Shortly after using mouthwash, the bacteria in your mouth start to grow back. "The problem is that anaerobic bacteria grow back faster than the aerobic bacteria—and anaerobic bacteria are more pathogenic, or more capable of causing disease," says Burhenne. So now your mouth microbiome has an imbalance of bacteria (scientists call this dysbiosis) with higher levels of disease-causing bacteria than disease-protecting bacteria. Repeat this daily, and you can see how your oral microbiome can get out of balance.

The Connection Between Your Oral Microbiome and Your Overall Health

But why exactly is your oral microbiome important? The bacteria in your mouth help form the biofilm on your teeth. While this biofilm can interact with the carbohydrates you eat and create an acidic environment that harms your teeth (particularly if not removed through good brushing and flossing), biofilm can also be helpful for your oral health. Think of the biofilm as the skin of your tooth. This built-in system is there to help re-mineralize the tooth surface when needed, says Burhenne.

Also, your oral microbiome isn't just important for the health of your mouth. It plays a role in your overall health, just as your gut microbiome does. "Your oral microbiome feeds your gut microbiome," says Burhenne.
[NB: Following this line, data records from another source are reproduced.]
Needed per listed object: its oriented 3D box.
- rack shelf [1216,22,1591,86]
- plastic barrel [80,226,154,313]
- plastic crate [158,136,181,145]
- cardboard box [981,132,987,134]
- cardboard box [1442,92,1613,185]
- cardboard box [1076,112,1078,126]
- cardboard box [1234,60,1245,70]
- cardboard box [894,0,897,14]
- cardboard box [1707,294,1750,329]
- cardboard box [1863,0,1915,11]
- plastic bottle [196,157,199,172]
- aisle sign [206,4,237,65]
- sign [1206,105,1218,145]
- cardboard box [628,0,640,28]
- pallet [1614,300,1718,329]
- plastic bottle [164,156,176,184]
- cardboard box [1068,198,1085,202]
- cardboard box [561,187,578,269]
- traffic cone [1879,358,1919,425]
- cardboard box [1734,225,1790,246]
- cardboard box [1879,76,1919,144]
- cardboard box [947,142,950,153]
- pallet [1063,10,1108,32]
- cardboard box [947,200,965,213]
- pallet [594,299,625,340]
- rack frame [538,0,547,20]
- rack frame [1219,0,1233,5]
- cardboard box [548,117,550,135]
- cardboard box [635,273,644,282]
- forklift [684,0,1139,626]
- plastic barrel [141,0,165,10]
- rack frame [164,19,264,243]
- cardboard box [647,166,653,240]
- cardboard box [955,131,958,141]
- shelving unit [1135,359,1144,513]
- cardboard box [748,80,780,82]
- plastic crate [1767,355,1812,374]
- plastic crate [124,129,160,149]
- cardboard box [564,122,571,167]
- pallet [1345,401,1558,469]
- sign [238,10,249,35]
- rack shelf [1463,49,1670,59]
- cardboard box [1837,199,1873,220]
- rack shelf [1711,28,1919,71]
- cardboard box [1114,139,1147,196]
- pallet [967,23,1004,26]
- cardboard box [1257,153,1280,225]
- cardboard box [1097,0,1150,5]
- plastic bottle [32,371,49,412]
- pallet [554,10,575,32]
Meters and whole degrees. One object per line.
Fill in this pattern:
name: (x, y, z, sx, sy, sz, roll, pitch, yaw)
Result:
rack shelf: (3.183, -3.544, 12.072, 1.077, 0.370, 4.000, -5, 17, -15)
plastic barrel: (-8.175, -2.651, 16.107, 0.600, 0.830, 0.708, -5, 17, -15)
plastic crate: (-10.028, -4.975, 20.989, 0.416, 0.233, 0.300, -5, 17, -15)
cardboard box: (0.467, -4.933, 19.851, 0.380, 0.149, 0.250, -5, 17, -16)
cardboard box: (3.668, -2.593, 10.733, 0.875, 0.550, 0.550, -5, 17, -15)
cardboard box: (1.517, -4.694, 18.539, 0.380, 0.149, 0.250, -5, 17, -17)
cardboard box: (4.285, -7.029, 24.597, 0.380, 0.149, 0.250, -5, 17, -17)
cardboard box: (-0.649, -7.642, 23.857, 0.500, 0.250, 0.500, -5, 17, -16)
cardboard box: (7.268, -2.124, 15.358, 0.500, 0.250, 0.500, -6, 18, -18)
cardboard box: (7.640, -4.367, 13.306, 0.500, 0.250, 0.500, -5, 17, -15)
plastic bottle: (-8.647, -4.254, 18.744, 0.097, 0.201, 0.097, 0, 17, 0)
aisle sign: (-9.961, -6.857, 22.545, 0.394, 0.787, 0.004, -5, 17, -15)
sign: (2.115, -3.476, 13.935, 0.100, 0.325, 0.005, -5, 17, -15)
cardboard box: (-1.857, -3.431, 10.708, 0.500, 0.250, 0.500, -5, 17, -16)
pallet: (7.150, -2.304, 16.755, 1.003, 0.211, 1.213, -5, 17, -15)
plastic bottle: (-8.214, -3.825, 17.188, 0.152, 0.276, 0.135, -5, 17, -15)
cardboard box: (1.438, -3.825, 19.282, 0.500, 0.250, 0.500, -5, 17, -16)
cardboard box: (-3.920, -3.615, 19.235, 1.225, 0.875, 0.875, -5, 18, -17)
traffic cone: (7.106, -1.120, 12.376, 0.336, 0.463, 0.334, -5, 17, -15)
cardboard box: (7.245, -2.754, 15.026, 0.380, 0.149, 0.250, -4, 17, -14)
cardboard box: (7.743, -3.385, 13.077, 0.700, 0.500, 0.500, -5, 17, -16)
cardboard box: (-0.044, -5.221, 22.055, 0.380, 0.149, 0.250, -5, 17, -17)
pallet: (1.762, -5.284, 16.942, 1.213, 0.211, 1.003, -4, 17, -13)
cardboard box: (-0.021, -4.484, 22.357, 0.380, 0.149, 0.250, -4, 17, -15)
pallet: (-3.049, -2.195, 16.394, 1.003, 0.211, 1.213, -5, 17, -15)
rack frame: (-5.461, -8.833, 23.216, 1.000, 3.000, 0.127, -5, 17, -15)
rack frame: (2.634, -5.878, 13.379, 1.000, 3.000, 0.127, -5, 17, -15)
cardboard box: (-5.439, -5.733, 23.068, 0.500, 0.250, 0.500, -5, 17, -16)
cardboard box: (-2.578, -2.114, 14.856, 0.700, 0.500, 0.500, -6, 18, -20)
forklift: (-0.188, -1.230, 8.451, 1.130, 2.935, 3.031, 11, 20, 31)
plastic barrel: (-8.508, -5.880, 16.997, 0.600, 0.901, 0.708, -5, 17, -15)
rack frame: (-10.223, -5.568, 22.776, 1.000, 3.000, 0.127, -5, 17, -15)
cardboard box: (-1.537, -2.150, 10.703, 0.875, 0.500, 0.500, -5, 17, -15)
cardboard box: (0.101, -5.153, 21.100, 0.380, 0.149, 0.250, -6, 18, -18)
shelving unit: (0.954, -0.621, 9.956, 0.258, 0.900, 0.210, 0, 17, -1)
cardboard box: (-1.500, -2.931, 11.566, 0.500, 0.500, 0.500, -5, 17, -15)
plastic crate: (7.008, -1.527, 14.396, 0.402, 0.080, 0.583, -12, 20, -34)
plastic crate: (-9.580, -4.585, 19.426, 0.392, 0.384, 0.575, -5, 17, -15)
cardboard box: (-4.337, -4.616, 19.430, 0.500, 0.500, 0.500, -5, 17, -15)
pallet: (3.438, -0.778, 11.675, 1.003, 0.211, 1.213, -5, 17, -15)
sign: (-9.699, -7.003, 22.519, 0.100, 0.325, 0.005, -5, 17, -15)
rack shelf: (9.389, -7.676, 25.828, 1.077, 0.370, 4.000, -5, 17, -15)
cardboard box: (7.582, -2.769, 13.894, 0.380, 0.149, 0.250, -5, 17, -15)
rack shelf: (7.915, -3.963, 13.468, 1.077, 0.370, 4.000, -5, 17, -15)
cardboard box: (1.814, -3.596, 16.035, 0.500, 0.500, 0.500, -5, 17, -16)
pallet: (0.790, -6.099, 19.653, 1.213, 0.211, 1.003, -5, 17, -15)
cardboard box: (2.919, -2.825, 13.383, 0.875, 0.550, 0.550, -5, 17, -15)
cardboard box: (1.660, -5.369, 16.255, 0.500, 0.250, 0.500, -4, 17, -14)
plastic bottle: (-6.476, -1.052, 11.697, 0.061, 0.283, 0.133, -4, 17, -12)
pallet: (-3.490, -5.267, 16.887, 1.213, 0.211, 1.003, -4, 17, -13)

How Mouthwash May Impact Your Health

Using mouthwash can be problematic in other ways. Regular mouthwash use can actually cause bad breath—the opposite of what you'd expect—as well as increase your chances of developing cavities and gum disease, according to Burhenne. Research shows that using mouthwash can also raise blood pressure, and increase your risk of developing diabetes.

One study of nearly 1,000 overweight adults, published in the journal Nitric Oxide, found that those who used mouthwash two times a day (or more) had a 55% higher risk of developing prediabetes or diabetes compared to less-frequent users. That said, even once-a-day-mouthwash-users raised the risk. The researchers believe that this is due to the effects of mouthwash on the oral microbiome, as oral bacteria plays a role in nitric oxide, a compound that affects blood vessels.

Bottom Line

Burhenne advises against using mouthwash on the regular. Plus, keep in mind that swishing with mouthwash doesn't accomplish as much as proper brushing does, he says. That extra effort is what you need to keep your teeth clean.